You want conversation history or response data to survive process restarts.
You want to cache repetitive identical requests to save cost and latency.

Main exports

Context guard + measurer

Export	What it does
`ContextGuard`	Stateless engine that intercepts `onContextMeasure` hook events and routes each conversation to a compaction strategy when the context window fills.
`ContextMeasurer`	Counts tokens in the current conversation and emits `onContextMeasure` events. Plug into an `AgentLoop`.
`LayeredStrategy`	Compaction strategy: compress older history into a facts layer while preserving recent turns.
`TruncateStrategy`	Compaction strategy: drop oldest messages until within budget.
`CONTEXT_DEFAULTS`	Default thresholds for warning / critical / hard levels.

Permissions

Export	What it does
`PermissionPolicy`	Rule-based policy evaluator. Rules are matched in order; first match wins; no match = default deny.
`anyOfKind` / `fsGlob` / `shellGlob` / `urlPattern` / `memoryCategory`	Pre-built `TargetMatcher` factories for common access types.
`compileGlobs` / `globToRegex`	Glob helpers for building custom matchers.
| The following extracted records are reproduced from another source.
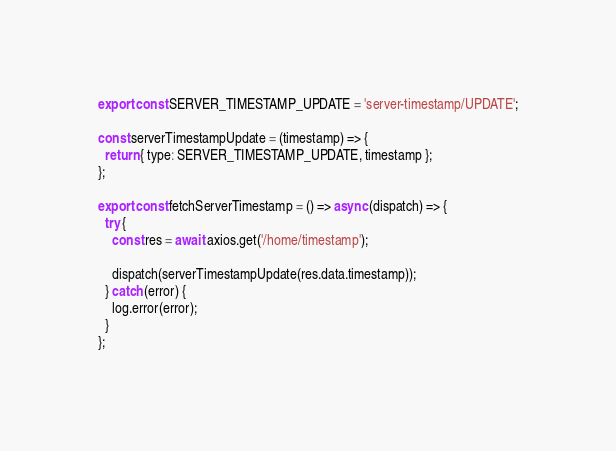Convert code to text. <code><loc_0><loc_0><loc_500><loc_500><_JavaScript_>export const SERVER_TIMESTAMP_UPDATE = 'server-timestamp/UPDATE';

const serverTimestampUpdate = (timestamp) => {
  return { type: SERVER_TIMESTAMP_UPDATE, timestamp };
};

export const fetchServerTimestamp = () => async (dispatch) => {
  try {
    const res = await axios.get('/home/timestamp');

    dispatch(serverTimestampUpdate(res.data.timestamp));
  } catch (error) {
    log.error(error);
  }
};
</code> 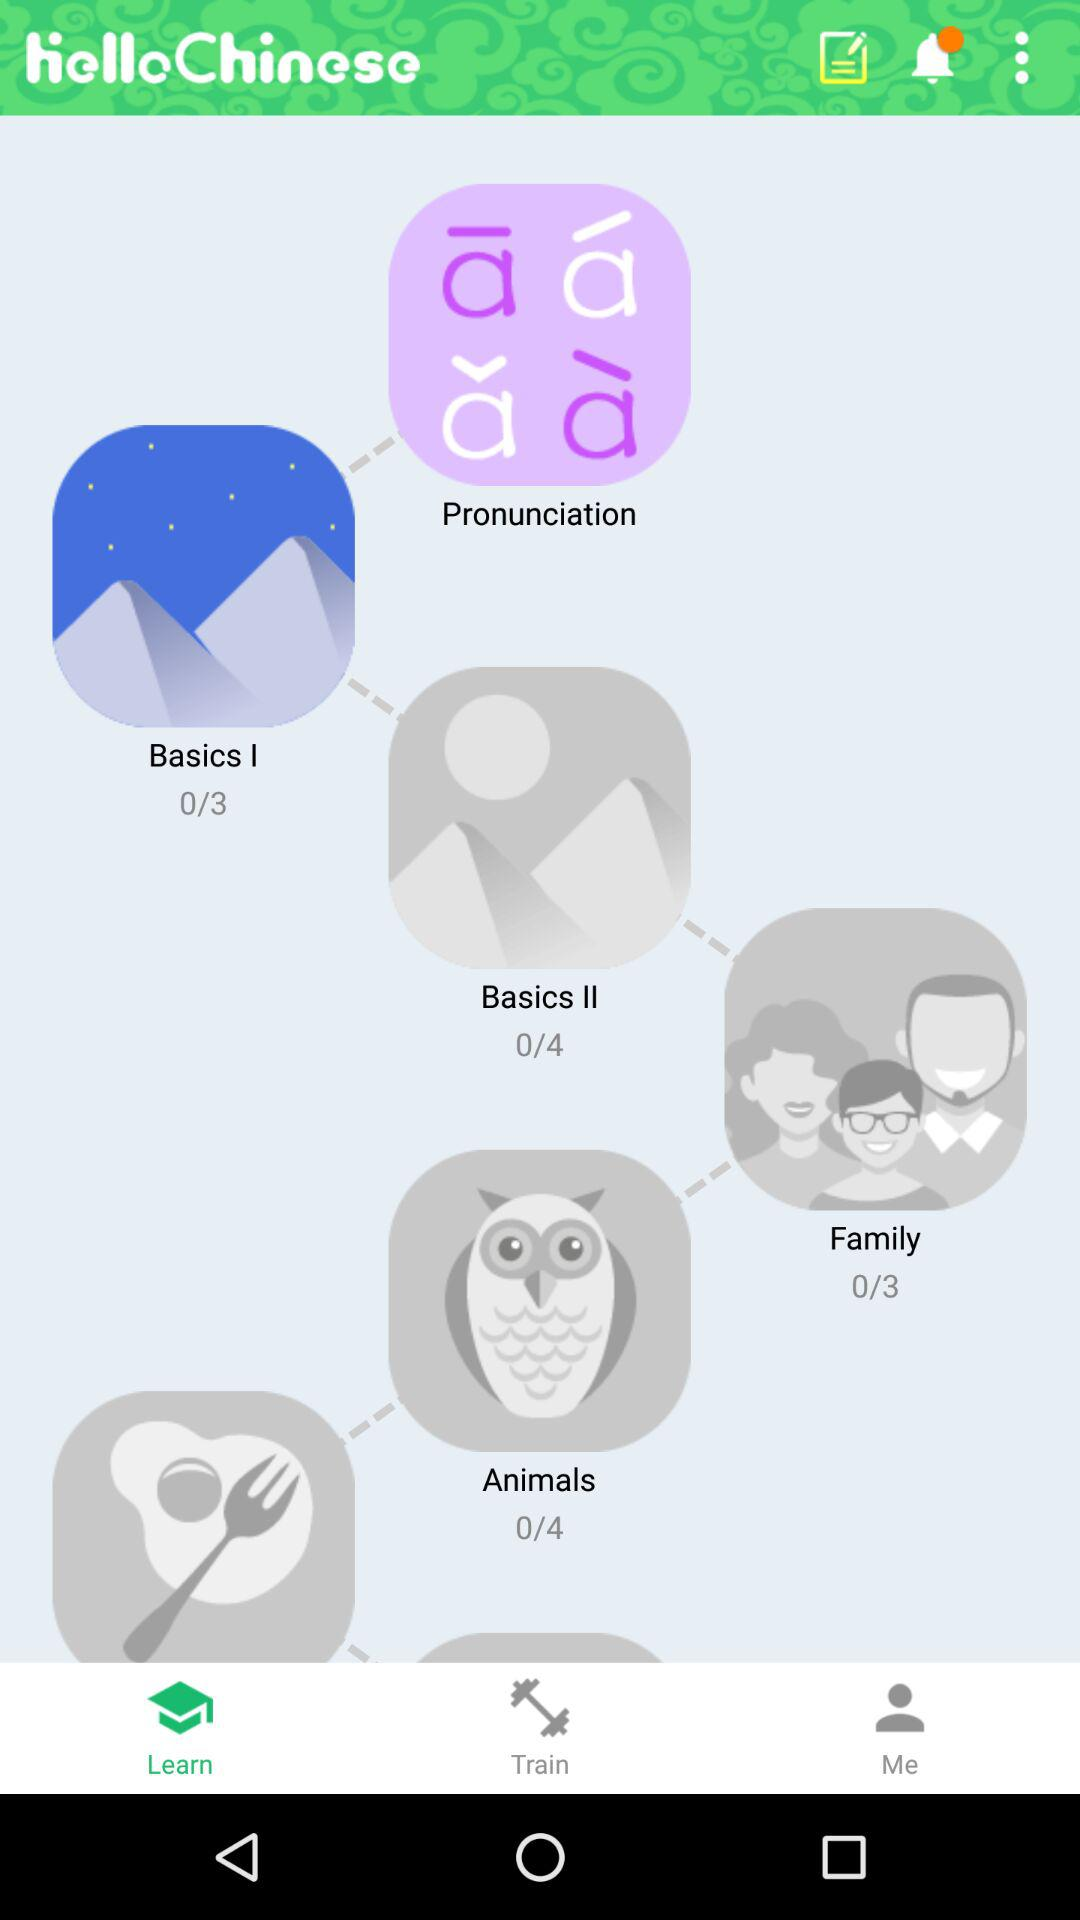Which tab is selected? The selected tab is "Learn".

Type-only: Rule, PermissionTarget, PermissionDecision.

Persistence

Export	What it does
`MemoryPersistence`	In-memory key/value store (default when no persistence config is passed to `createEngine`).
`FilePersistence`	File-backed store. Each key maps to a JSON file in the configured directory.

Type-only: Persistence, FilePersistenceConfig.

Cache

Export	What it does
`Cache`	Response cache plugin. Keyed by a hash of the normalized request. Plugs into `createEngine({ cache: ... })`.
`MemoryCacheStore`	In-memory cache backend.
`FileCacheStore`	File-backed cache backend.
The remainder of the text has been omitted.